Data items
++++++++++++++++++++

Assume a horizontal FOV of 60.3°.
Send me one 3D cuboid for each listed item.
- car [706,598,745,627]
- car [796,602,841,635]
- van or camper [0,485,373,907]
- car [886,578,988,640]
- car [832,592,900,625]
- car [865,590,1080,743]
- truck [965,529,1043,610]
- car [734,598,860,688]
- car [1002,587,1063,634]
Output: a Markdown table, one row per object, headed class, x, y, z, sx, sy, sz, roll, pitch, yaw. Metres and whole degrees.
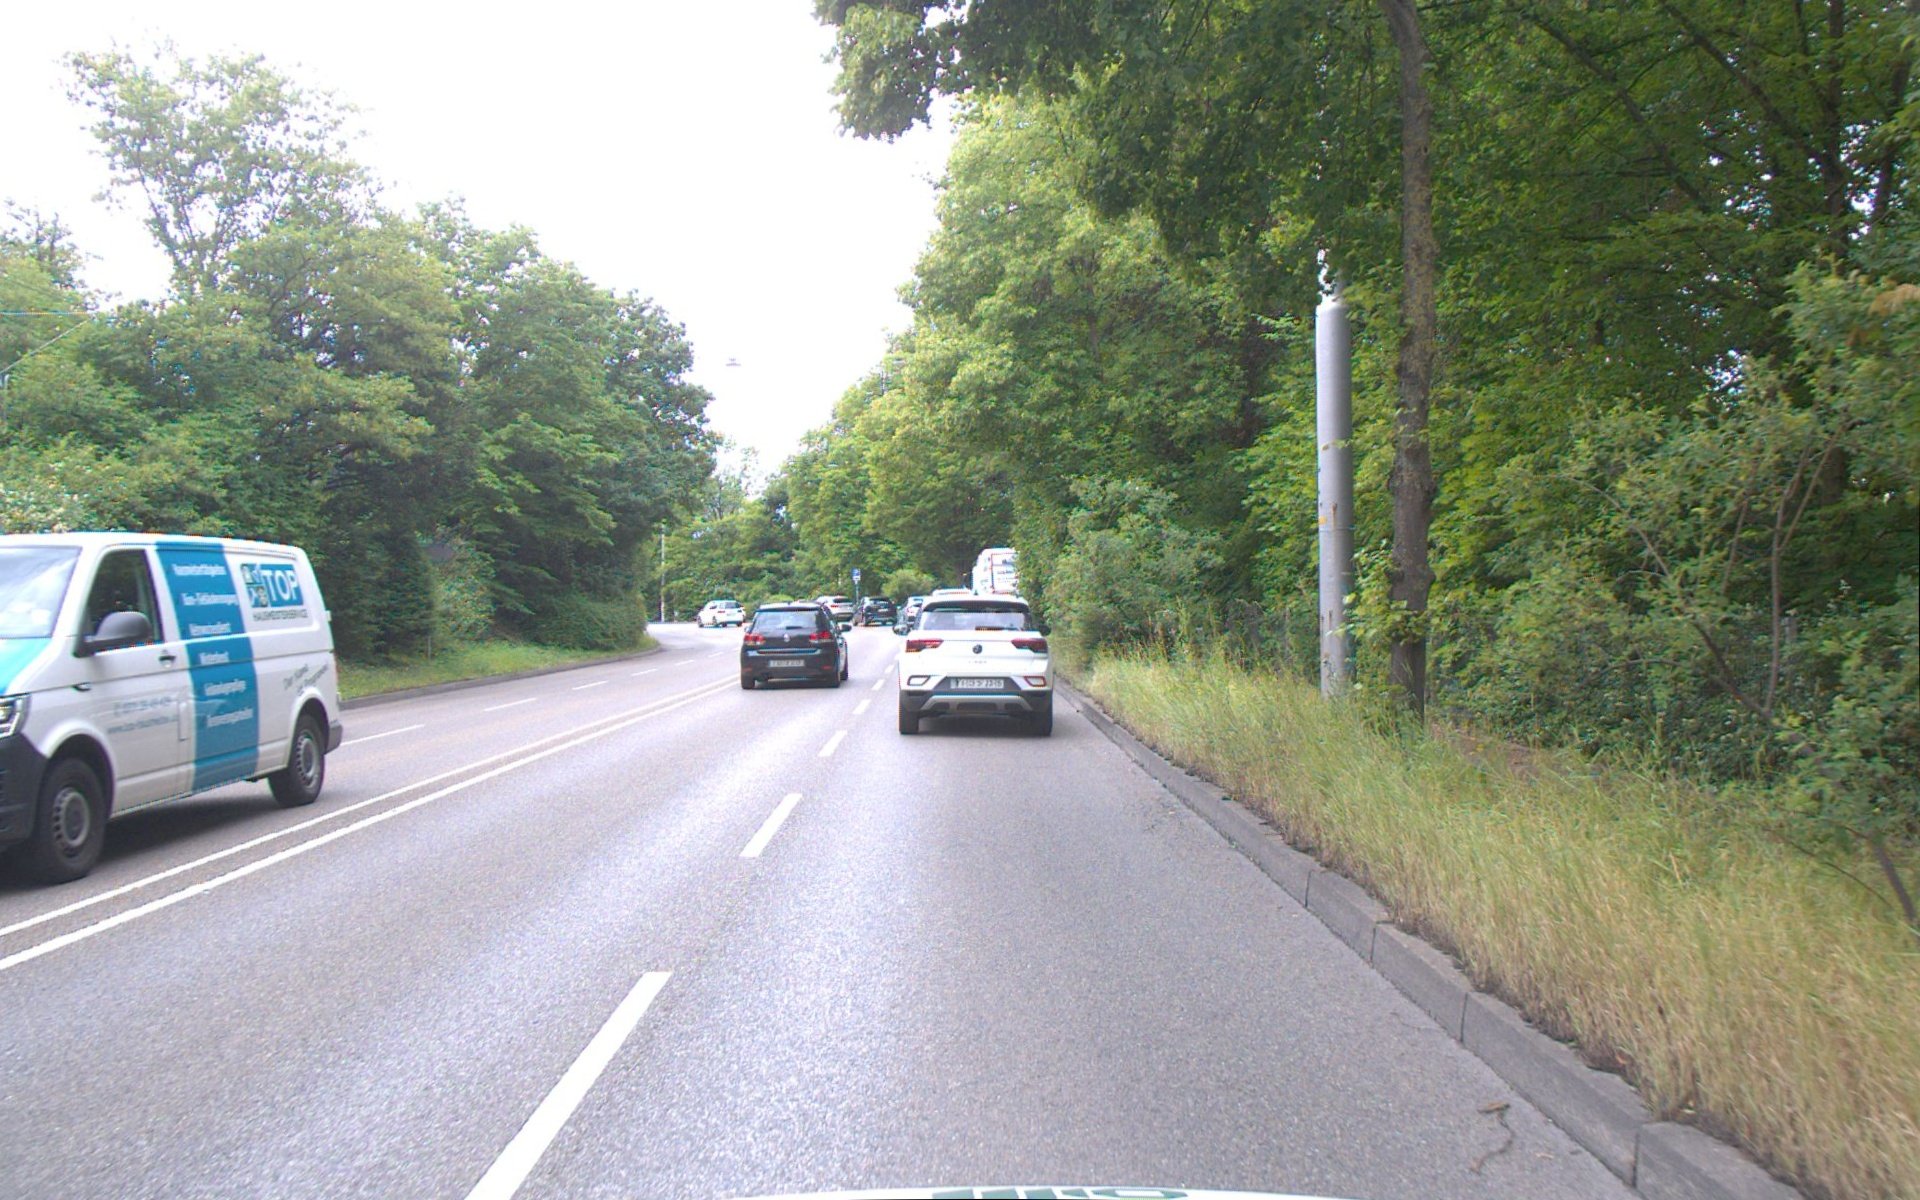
| class | x | y | z | sx | sy | sz | roll | pitch | yaw |
| --- | --- | --- | --- | --- | --- | --- | --- | --- | --- |
| car | -13.880 | 0.753 | 97.959 | 1.784 | 1.651 | 3.999 | 1 | -1 | -1 |
| car | -7.054 | 0.905 | 82.857 | 1.953 | 1.620 | 3.999 | 1 | 0 | -1 |
| van or camper | -5.701 | 0.540 | 10.668 | 1.954 | 2.048 | 5.366 | -4 | 0 | -2 |
| car | -0.757 | 0.261 | 51.501 | 1.826 | 1.732 | 3.973 | -3 | 1 | -22 |
| car | -4.778 | 0.419 | 83.636 | 1.750 | 1.635 | 3.954 | 1 | 0 | -33 |
| car | 0.033 | 0.720 | 19.683 | 1.963 | 1.624 | 3.992 | 1 | 0 | -8 |
| truck | 1.799 | -1.218 | 70.495 | 2.434 | 3.237 | 7.219 | 1 | 0 | -6 |
| car | -2.864 | 0.735 | 29.909 | 1.909 | 1.492 | 3.999 | 1 | 0 | -1 |
| car | 2.588 | 0.394 | 60.107 | 1.767 | 1.551 | 3.997 | -3 | 0 | -3 |

++++++++++++++++++++

HOW TO COMPLETE THIS TASK = Nothing in the records should be changed in the copy, but the pictures must be left out.

TASK ANSWER =
Assume a horizontal FOV of 60.3°.
Send me one 3D cuboid for each listed item.
- car [706,598,745,627]
- car [796,602,841,635]
- van or camper [0,485,373,907]
- car [886,578,988,640]
- car [832,592,900,625]
- car [865,590,1080,743]
- truck [965,529,1043,610]
- car [734,598,860,688]
- car [1002,587,1063,634]
Output: a Markdown table, one row per object, headed class, x, y, z, sx, sy, sz, roll, pitch, yaw. Metres and whole degrees.
| class | x | y | z | sx | sy | sz | roll | pitch | yaw |
| --- | --- | --- | --- | --- | --- | --- | --- | --- | --- |
| car | -13.880 | 0.753 | 97.959 | 1.784 | 1.651 | 3.999 | 1 | -1 | -1 |
| car | -7.054 | 0.905 | 82.857 | 1.953 | 1.620 | 3.999 | 1 | 0 | -1 |
| van or camper | -5.701 | 0.540 | 10.668 | 1.954 | 2.048 | 5.366 | -4 | 0 | -2 |
| car | -0.757 | 0.261 | 51.501 | 1.826 | 1.732 | 3.973 | -3 | 1 | -22 |
| car | -4.778 | 0.419 | 83.636 | 1.750 | 1.635 | 3.954 | 1 | 0 | -33 |
| car | 0.033 | 0.720 | 19.683 | 1.963 | 1.624 | 3.992 | 1 | 0 | -8 |
| truck | 1.799 | -1.218 | 70.495 | 2.434 | 3.237 | 7.219 | 1 | 0 | -6 |
| car | -2.864 | 0.735 | 29.909 | 1.909 | 1.492 | 3.999 | 1 | 0 | -1 |
| car | 2.588 | 0.394 | 60.107 | 1.767 | 1.551 | 3.997 | -3 | 0 | -3 |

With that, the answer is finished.